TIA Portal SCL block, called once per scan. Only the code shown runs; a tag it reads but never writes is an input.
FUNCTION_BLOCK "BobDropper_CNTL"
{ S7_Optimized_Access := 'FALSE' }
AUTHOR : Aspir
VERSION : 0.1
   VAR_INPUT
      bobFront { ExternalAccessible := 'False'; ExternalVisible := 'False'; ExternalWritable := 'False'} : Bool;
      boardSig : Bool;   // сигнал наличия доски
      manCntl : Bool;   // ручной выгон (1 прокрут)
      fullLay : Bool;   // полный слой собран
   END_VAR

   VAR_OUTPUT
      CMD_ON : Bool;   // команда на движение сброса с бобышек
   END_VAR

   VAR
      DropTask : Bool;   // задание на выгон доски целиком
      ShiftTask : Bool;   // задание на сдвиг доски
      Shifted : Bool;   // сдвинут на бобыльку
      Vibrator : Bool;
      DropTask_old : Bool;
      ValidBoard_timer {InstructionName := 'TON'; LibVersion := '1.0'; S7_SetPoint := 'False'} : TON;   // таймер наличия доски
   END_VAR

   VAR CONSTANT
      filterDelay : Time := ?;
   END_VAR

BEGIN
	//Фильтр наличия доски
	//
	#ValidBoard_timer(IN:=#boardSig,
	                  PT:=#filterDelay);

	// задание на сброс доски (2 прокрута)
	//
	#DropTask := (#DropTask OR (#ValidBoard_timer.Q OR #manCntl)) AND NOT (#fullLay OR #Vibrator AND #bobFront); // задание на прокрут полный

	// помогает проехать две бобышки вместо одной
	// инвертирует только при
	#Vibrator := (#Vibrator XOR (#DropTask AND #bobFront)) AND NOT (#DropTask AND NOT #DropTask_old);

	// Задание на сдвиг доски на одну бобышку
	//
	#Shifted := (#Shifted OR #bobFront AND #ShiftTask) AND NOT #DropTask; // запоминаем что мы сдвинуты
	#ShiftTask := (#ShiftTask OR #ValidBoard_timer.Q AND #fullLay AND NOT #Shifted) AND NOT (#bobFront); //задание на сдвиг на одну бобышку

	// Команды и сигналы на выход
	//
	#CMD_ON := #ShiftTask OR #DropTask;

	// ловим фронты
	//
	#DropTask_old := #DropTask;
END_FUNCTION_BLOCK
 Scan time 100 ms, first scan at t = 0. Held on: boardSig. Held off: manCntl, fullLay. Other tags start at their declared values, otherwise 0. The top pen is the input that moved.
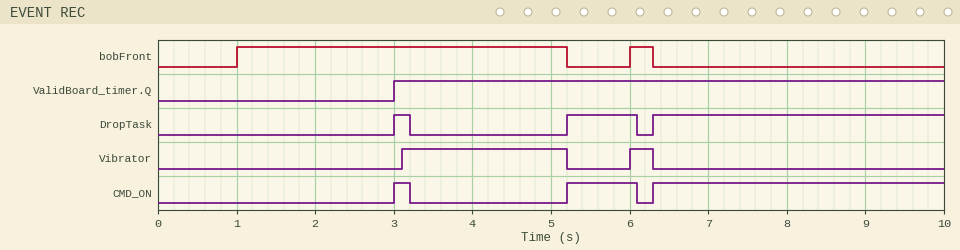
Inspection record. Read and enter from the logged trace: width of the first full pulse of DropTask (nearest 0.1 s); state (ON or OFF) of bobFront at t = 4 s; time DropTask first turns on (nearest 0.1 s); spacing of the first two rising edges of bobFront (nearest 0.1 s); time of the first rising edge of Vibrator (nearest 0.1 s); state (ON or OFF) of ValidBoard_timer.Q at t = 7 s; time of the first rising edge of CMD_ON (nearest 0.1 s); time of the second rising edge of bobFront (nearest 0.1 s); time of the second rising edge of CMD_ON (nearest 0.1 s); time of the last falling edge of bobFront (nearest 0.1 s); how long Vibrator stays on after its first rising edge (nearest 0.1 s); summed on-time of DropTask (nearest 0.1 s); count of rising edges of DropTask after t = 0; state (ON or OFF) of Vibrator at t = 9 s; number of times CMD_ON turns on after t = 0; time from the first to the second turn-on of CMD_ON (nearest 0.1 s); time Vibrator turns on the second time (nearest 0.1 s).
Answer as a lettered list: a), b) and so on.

a) 0.2 s
b) ON
c) 3.0 s
d) 5.0 s
e) 3.1 s
f) ON
g) 3.0 s
h) 6.0 s
i) 5.2 s
j) 6.3 s
k) 2.1 s
l) 4.8 s
m) 3
n) OFF
o) 3
p) 2.2 s
q) 6.0 s
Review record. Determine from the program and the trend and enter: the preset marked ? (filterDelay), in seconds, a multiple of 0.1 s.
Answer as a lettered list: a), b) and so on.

a) 3.0 s
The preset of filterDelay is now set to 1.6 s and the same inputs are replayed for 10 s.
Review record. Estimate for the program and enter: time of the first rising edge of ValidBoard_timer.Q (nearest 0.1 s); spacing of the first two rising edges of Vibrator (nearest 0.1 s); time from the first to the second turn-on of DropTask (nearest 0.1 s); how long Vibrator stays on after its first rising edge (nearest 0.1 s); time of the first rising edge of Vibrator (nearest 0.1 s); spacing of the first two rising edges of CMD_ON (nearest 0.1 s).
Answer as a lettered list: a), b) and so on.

a) 1.6 s
b) 4.3 s
c) 3.6 s
d) 3.5 s
e) 1.7 s
f) 3.6 s
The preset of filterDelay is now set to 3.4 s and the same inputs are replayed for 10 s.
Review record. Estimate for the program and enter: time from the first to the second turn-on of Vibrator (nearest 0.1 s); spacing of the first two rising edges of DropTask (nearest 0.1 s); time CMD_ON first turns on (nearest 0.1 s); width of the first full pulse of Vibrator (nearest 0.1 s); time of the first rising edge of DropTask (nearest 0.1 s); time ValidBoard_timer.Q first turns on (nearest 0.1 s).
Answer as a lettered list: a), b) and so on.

a) 2.5 s
b) 1.8 s
c) 3.4 s
d) 1.7 s
e) 3.4 s
f) 3.4 s
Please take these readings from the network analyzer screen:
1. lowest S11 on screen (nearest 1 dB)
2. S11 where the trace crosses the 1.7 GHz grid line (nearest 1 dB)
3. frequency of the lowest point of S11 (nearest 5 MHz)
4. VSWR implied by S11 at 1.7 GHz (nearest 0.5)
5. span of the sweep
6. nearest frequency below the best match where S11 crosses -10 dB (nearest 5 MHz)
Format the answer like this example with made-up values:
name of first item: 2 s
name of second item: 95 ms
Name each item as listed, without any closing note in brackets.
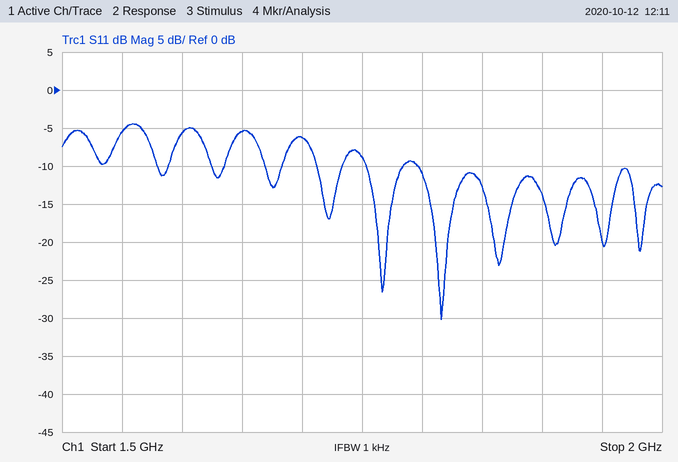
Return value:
lowest S11 on screen: -30 dB
S11 where the trace crosses the 1.7 GHz grid line: -6 dB
frequency of the lowest point of S11: 1.815 GHz
VSWR implied by S11 at 1.7 GHz: 3.0
span of the sweep: 500 MHz
nearest frequency below the best match where S11 crosses -10 dB: 1.795 GHz
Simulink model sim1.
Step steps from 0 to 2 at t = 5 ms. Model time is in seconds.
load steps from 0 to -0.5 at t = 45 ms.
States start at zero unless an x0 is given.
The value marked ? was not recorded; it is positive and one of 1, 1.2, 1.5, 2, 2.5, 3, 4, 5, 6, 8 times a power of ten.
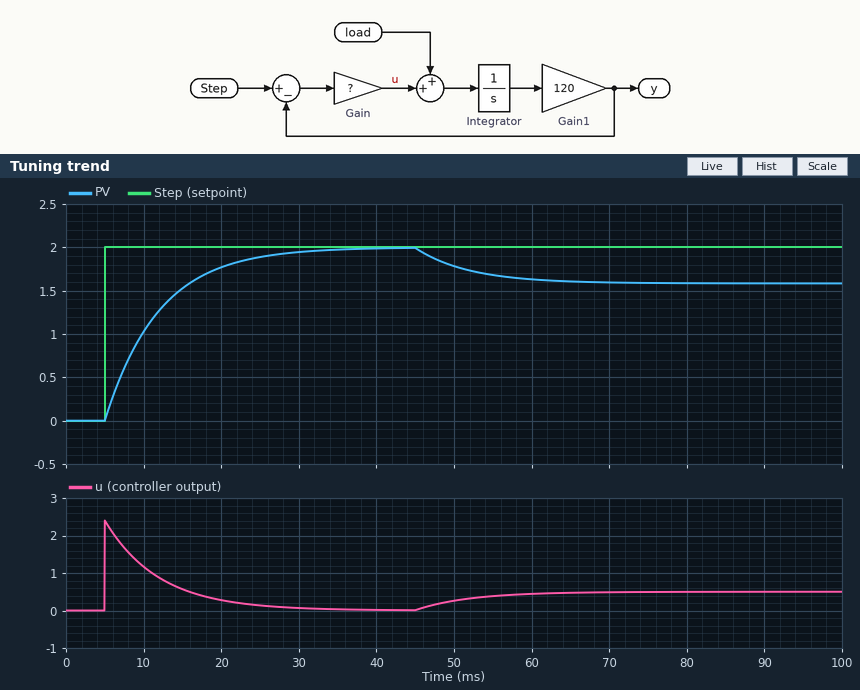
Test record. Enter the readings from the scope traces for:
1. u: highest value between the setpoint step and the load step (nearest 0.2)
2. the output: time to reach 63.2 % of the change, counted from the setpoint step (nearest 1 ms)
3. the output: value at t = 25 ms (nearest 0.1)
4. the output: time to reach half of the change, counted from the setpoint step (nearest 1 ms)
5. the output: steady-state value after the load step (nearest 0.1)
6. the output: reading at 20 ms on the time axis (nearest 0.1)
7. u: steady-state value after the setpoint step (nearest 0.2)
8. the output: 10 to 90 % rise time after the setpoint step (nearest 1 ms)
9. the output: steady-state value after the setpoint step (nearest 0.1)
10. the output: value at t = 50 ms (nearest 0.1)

Task to carry out: Work through the records above. Copy every line with the string "inputs".

Written reply:
The preset of filterDelay is now set to 1.6 s and the same inputs are replayed for 10 s.
The preset of filterDelay is now set to 3.4 s and the same inputs are replayed for 10 s.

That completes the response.